_What needs to be done_
Bring together all lines from the listing below that contain the string "Reply".

_Given data_

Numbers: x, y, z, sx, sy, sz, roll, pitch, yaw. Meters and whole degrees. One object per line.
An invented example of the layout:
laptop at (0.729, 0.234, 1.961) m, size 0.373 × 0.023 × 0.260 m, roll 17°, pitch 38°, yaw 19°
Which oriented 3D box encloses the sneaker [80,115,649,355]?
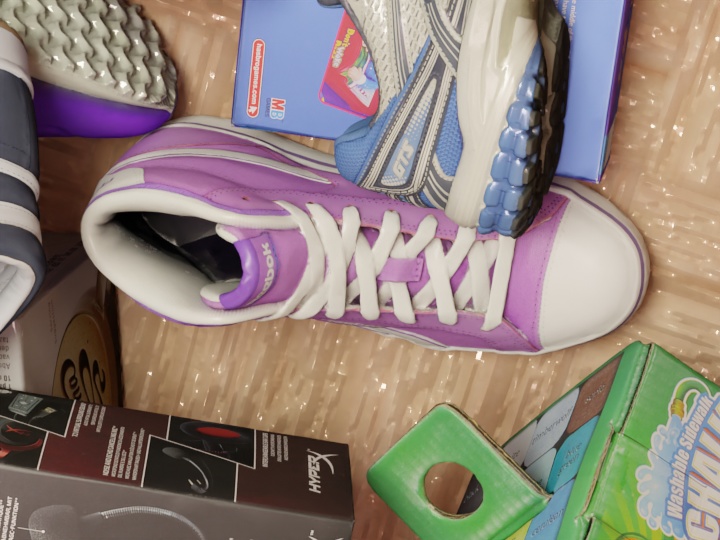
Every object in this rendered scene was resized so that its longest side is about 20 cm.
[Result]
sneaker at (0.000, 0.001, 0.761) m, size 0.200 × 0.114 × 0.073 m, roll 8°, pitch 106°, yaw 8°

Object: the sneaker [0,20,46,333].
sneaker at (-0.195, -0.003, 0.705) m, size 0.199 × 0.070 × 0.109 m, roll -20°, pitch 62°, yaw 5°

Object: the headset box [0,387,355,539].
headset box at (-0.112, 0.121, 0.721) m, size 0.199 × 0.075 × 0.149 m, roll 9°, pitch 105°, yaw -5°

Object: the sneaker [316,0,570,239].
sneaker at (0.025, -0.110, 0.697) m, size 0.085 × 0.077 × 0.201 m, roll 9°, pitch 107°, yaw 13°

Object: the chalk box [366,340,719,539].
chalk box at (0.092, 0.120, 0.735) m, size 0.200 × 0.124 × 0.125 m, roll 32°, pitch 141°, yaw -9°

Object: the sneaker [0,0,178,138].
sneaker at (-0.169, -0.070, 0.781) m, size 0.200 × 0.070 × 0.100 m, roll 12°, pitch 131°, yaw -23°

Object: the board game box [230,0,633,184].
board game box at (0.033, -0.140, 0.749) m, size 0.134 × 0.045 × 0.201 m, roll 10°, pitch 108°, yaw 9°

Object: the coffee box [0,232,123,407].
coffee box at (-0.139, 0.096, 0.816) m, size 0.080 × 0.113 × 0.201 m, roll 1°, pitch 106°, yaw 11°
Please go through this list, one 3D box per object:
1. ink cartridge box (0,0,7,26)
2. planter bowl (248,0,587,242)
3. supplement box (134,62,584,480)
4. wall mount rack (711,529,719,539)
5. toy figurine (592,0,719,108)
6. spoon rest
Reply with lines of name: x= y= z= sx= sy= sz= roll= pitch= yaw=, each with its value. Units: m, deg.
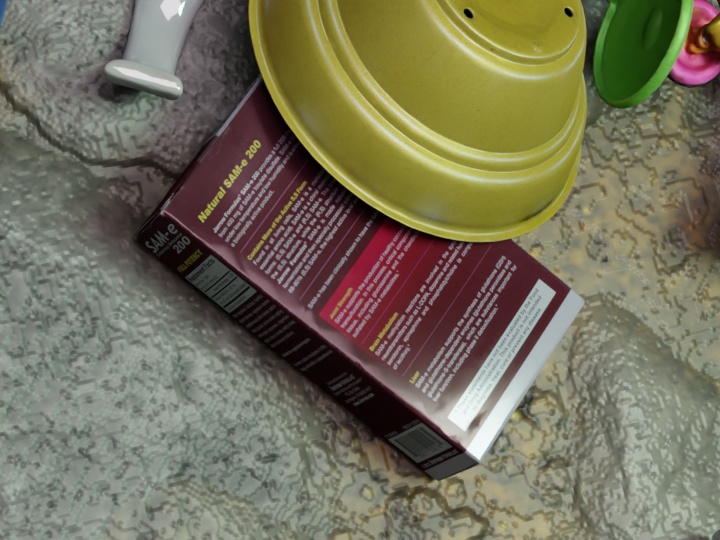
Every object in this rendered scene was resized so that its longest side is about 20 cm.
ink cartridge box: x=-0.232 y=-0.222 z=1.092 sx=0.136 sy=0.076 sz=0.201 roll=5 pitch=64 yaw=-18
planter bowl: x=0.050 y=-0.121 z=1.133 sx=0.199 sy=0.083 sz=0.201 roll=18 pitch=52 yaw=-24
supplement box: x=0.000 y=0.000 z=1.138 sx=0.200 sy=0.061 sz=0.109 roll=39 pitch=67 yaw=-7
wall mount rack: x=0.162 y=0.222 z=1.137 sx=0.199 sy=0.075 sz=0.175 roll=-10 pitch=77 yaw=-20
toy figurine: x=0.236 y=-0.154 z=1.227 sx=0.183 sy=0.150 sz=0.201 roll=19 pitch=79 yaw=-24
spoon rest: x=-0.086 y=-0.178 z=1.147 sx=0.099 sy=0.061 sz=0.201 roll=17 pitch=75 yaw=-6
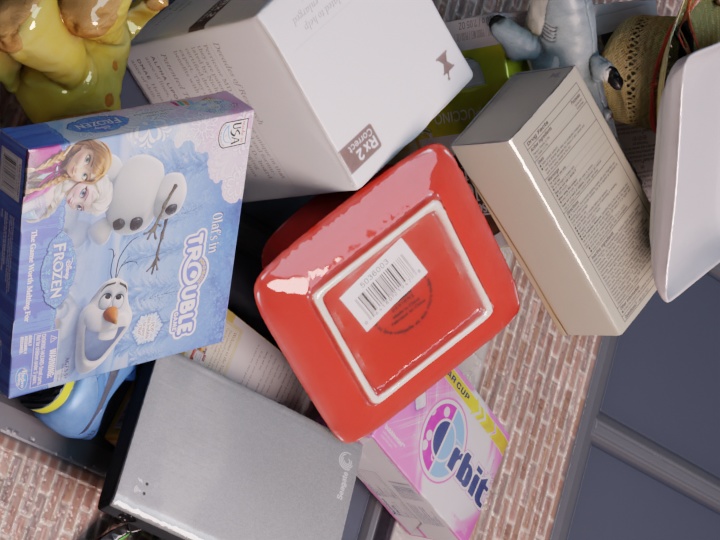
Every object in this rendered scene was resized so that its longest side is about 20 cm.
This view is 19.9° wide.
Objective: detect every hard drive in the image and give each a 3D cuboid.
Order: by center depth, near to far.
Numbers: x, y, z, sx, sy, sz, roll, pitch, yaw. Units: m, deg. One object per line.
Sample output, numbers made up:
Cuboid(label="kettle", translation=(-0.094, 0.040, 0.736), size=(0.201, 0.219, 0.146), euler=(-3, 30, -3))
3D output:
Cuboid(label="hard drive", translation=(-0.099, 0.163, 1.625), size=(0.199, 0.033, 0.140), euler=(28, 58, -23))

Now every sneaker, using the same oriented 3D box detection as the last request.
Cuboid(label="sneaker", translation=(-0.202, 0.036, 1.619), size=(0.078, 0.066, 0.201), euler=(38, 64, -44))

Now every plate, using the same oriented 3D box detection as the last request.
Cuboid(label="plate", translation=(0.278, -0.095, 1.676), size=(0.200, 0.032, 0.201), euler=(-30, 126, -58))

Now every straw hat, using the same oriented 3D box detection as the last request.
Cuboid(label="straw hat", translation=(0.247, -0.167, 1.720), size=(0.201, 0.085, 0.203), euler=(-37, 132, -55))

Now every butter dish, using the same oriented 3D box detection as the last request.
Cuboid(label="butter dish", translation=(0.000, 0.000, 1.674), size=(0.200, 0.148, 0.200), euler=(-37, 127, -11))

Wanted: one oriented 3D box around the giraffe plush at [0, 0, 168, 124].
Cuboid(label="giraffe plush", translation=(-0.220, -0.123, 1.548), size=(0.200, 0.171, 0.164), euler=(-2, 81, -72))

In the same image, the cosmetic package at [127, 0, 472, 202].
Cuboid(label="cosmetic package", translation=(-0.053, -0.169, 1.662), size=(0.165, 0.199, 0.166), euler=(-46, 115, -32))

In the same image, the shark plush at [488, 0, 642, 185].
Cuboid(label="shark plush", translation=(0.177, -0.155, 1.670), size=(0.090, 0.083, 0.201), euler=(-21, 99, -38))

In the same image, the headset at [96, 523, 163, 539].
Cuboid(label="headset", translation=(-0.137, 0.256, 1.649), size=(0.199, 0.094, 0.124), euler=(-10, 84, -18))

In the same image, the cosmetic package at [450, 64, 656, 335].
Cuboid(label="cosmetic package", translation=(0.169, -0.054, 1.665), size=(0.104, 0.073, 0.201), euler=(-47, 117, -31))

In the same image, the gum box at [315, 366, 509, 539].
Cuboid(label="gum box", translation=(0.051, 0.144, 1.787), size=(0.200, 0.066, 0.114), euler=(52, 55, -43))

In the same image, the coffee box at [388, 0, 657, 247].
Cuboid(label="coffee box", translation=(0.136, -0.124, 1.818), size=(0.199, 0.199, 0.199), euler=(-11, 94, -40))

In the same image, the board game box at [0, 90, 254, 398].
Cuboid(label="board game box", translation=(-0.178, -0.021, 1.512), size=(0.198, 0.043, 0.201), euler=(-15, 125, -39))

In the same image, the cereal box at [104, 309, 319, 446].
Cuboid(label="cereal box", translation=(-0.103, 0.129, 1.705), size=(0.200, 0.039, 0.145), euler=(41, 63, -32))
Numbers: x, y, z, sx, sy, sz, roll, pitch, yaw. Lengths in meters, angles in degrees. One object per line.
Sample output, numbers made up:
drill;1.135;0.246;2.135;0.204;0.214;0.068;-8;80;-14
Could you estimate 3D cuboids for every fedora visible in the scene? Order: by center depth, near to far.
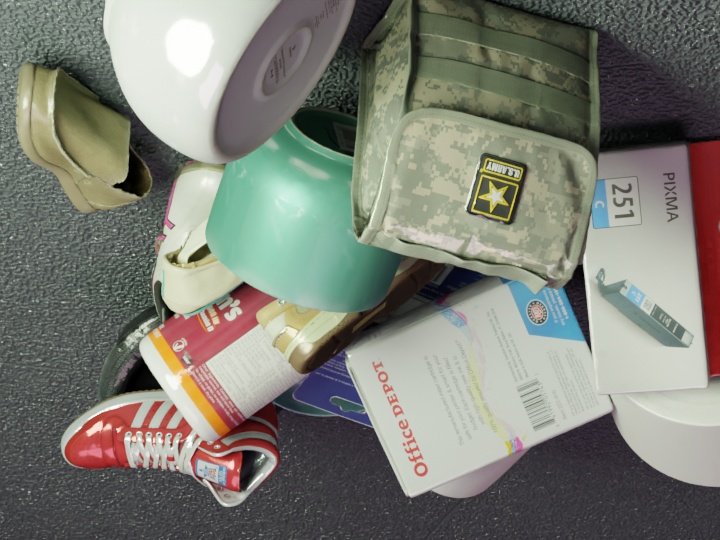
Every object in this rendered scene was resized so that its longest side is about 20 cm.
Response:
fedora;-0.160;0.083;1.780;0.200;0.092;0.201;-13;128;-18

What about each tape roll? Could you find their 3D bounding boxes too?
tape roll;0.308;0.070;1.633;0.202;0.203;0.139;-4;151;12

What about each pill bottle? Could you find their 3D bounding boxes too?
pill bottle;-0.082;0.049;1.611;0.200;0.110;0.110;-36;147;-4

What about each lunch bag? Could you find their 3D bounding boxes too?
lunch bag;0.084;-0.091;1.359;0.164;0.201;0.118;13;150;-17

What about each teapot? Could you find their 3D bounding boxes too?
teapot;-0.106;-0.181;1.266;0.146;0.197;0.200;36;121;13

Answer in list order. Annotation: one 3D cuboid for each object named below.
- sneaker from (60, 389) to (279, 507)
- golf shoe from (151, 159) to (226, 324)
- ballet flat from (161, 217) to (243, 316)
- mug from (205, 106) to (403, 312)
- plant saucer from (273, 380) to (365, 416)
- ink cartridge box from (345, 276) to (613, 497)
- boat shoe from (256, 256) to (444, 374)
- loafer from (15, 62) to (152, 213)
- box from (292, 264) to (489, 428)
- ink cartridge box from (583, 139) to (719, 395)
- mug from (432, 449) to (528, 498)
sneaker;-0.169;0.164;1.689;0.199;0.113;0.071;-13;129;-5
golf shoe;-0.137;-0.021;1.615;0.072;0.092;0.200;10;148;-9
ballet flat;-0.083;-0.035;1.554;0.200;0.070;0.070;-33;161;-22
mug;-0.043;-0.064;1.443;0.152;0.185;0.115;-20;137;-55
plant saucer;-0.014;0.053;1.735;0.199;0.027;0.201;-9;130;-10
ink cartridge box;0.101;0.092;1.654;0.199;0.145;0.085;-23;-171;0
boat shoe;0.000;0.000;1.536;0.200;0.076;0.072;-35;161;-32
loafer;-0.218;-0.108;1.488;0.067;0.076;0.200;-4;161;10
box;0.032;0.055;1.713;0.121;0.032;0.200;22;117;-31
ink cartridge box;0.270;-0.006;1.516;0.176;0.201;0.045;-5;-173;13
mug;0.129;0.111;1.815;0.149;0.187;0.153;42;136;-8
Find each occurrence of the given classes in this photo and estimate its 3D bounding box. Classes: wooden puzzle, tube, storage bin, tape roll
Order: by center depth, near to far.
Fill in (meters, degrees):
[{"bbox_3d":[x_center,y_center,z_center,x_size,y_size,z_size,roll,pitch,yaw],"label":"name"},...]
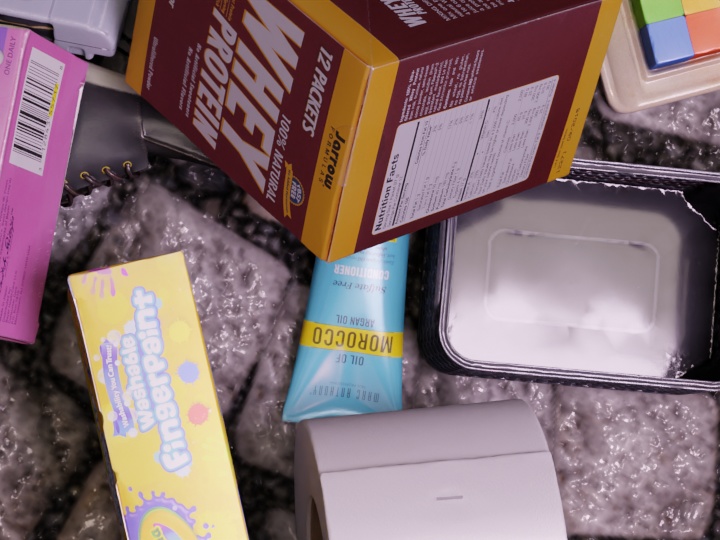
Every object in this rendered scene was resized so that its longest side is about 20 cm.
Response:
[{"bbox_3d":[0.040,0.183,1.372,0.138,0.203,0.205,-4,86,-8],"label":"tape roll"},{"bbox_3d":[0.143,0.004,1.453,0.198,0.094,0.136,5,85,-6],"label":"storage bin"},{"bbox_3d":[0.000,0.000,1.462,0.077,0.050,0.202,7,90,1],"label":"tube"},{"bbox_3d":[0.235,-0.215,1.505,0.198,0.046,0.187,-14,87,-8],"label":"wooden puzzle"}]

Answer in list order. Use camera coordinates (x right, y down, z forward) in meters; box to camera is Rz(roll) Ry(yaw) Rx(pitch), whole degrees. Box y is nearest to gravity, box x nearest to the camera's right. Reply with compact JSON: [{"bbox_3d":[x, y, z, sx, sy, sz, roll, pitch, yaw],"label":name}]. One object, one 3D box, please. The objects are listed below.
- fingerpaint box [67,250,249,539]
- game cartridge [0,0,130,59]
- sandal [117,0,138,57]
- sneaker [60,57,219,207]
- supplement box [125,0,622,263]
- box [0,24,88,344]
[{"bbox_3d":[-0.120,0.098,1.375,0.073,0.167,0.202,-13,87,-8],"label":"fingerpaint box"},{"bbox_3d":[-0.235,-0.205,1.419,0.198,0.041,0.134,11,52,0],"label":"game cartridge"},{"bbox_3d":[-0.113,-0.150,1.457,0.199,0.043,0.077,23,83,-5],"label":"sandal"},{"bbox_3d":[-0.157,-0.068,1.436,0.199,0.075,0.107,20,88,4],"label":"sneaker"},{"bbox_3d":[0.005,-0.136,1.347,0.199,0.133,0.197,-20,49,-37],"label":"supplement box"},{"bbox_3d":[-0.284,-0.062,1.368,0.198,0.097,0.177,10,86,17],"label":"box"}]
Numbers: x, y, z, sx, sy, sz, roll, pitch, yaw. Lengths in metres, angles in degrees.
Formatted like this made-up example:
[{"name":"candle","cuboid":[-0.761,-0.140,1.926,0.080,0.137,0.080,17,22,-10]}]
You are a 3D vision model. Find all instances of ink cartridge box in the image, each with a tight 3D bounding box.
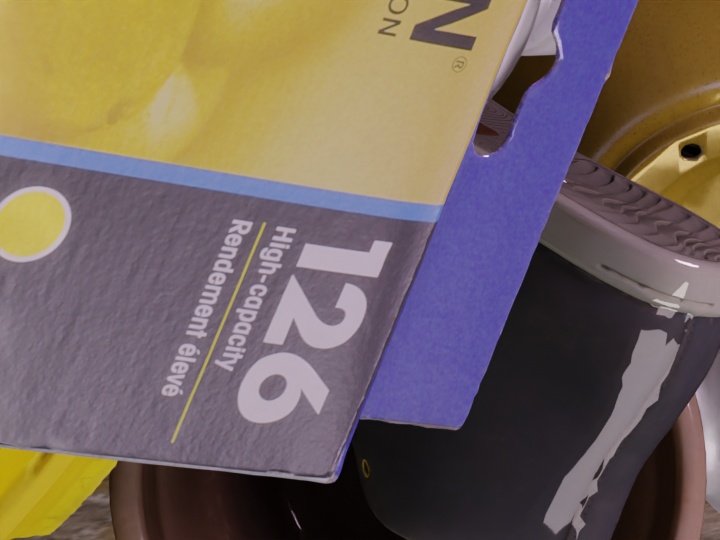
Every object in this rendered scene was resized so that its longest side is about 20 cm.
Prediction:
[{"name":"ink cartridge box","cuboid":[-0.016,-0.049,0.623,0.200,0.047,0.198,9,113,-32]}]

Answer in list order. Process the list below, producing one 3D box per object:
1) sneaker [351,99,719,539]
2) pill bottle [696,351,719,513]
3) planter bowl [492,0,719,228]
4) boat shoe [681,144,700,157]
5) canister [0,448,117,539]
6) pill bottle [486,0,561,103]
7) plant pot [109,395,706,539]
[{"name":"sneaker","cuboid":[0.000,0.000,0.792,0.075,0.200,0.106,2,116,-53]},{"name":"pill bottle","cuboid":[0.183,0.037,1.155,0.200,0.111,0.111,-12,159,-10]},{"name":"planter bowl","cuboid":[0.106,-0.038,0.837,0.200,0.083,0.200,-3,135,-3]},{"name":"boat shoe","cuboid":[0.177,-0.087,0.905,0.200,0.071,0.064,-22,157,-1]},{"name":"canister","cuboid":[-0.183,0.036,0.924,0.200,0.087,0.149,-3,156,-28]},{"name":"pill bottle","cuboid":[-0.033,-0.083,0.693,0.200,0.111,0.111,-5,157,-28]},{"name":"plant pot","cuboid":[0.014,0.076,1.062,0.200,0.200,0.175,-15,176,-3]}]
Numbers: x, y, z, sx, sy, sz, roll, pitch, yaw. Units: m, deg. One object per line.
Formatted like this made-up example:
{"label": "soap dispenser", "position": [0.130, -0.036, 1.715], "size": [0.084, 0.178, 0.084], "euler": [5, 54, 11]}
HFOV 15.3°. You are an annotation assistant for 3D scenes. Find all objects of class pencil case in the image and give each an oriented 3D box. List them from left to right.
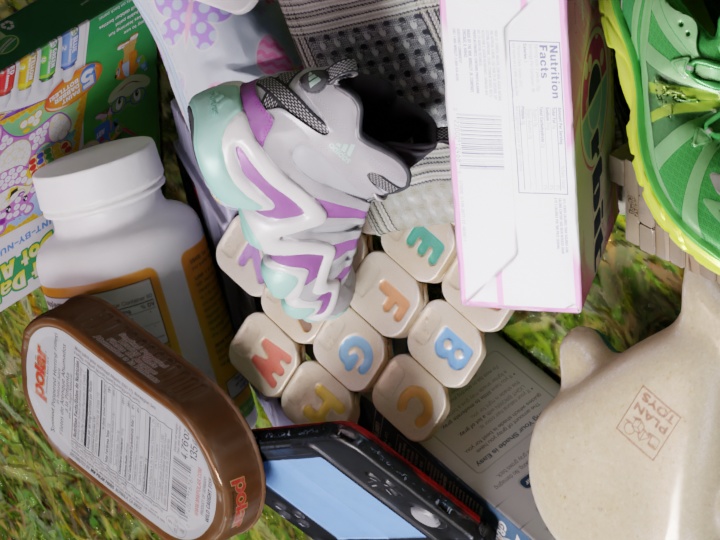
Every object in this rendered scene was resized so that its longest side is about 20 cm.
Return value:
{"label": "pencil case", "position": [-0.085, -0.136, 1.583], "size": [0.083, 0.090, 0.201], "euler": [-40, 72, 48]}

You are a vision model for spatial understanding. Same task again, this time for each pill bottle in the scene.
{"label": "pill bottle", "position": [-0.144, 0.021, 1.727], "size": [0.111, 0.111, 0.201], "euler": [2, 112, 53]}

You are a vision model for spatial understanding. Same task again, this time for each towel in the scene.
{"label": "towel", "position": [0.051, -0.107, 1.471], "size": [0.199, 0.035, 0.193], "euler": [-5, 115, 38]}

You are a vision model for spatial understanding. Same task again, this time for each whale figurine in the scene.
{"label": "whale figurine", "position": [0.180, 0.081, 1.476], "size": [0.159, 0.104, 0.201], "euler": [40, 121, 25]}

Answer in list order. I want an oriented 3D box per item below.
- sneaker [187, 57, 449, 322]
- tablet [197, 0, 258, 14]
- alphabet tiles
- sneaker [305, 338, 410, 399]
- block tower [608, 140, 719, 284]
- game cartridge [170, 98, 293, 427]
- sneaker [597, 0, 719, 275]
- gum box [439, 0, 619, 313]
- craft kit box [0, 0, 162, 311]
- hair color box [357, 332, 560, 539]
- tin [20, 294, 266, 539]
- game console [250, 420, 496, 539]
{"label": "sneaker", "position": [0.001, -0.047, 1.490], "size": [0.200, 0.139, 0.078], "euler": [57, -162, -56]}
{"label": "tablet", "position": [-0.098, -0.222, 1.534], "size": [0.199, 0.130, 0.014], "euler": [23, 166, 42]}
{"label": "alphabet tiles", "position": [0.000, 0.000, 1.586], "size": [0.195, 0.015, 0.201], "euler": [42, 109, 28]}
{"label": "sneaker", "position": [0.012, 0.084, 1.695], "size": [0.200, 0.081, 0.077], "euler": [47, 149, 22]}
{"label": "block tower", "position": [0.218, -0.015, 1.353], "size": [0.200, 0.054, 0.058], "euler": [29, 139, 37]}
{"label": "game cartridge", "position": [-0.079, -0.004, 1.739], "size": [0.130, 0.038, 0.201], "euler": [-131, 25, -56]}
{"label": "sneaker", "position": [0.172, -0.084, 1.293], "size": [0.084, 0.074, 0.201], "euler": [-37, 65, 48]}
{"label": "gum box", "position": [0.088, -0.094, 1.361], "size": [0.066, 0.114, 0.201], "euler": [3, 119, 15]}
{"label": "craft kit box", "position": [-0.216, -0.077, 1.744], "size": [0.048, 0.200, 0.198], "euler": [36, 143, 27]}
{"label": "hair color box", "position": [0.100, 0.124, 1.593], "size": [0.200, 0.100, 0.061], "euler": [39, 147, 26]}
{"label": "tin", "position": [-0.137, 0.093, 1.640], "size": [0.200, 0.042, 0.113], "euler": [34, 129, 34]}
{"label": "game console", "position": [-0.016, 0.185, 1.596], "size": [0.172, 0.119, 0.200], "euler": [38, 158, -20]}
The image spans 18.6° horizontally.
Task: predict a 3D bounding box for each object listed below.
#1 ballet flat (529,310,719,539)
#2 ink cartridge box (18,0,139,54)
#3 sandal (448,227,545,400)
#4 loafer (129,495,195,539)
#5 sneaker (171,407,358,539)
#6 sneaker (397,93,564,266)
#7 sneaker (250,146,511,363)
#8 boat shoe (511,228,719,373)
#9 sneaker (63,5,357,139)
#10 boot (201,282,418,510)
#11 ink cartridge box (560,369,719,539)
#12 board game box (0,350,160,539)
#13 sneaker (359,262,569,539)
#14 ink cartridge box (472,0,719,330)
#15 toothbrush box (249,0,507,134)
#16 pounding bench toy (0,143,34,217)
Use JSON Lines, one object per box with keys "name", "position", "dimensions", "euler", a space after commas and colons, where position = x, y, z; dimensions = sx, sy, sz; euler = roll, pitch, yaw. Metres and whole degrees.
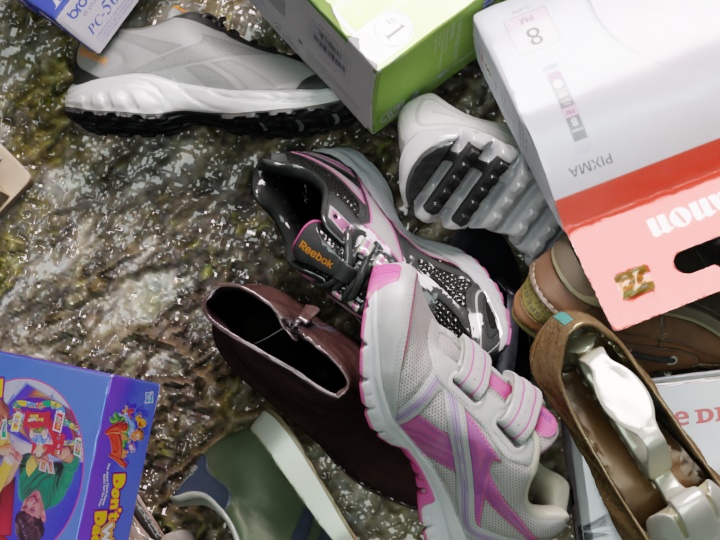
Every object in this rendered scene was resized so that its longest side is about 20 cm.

_Finished exercise_
Reply with lines of name: x= y= z= sx= sy= sz= roll= pitch= yaw=, each with its value. Units: m, deg.
Answer in list order. Use camera coordinates (x right, y down, z forward) in meters; box to camera is Rz(roll) Ry(yaw) Rx(pitch), whole degrees. Box y is nearest to gravity, box x nearest to the camera's right. Reply with compact JSON: [{"bbox_3d":[x, y, z, sx, sy, sz, roll, pitch, yaw],"label":name}]. One object, one 3D box, please. The objects are listed below.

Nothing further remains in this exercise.